Je tiens à encourager vivement les jeunes filles guinéennes. Aujourd’hui, elles osent davantage s’engager dans des métiers autrefois considérés comme réservés aux hommes. Je les invite à se dépasser, à persévérer et à briser le plafond de verre, car avec la détermination et le travail, rien n’est impossible. De nos jours, on constate en Guinée une présence accrue des femmes dans des secteurs où elles étaient auparavant peu représentées, notamment dans les sociétés privées de gardiennage. Cette évolution traduit une véritable dynamique d’émancipation des jeunes filles, désormais visibles dans de nombreux domaines.

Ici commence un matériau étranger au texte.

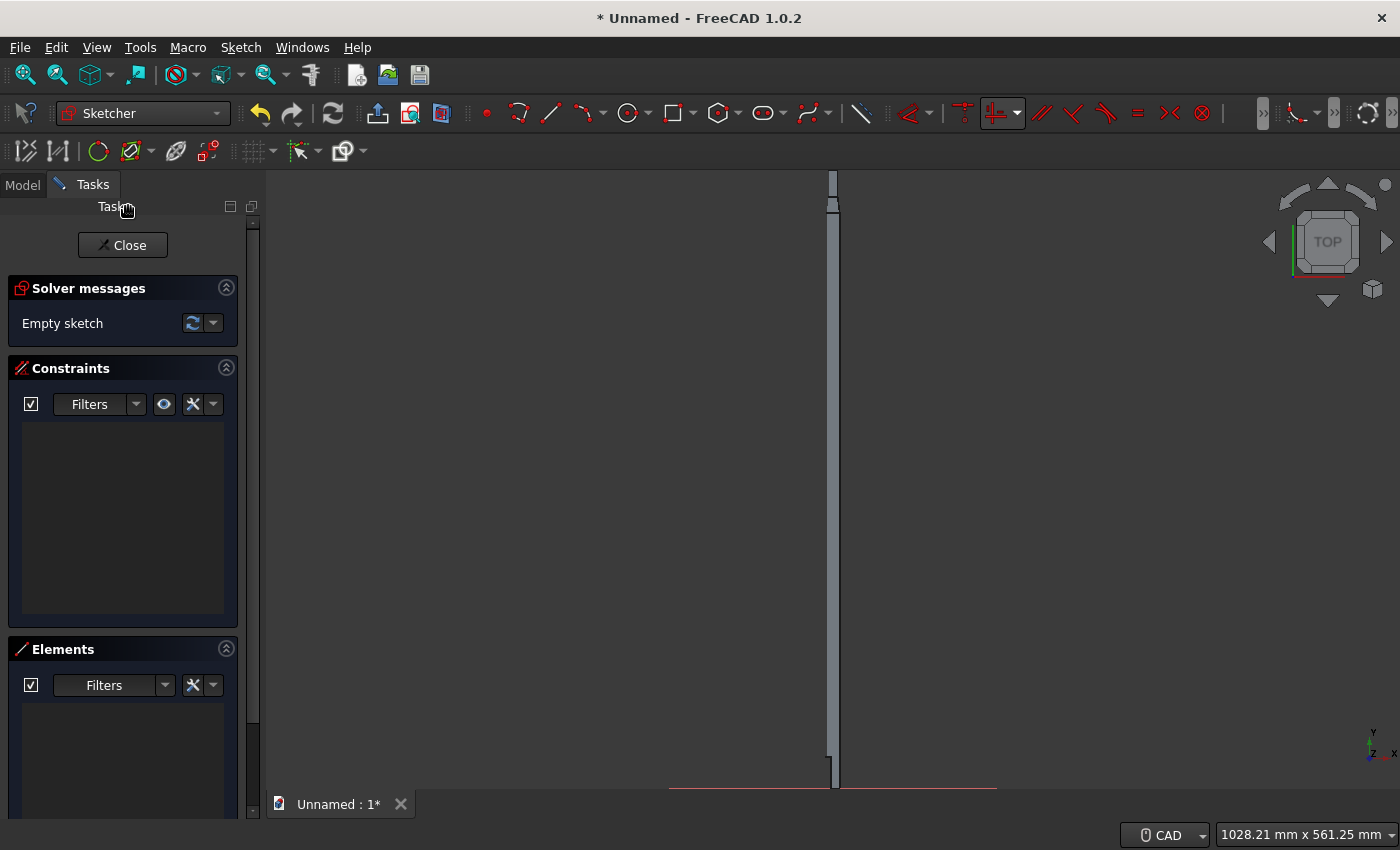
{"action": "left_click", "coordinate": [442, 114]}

Que ce soit dans les structures de santé, dans les banques ou encore dans d’autres secteurs d’activité, les femmes occupent de plus en plus de place. C’est une avancée significative qu’il convient de saluer et d’encourager. Le métier de la sécurité reste toutefois exigeant, et dans le secteur privé, les défis sont encore plus importants. Il est donc essentiel de renforcer la formation, de faciliter l’accès aux postes de responsabilité et de promouvoir le leadership féminin.
J’encourage fortement les femmes à investir dans leur formation. Revendiquer l’égalité est légitime, mais celle-ci doit s’accompagner d’un renforcement des compétences. Car c’est aussi par la formation que l’on parvient à s’imposer et à se faire respecter.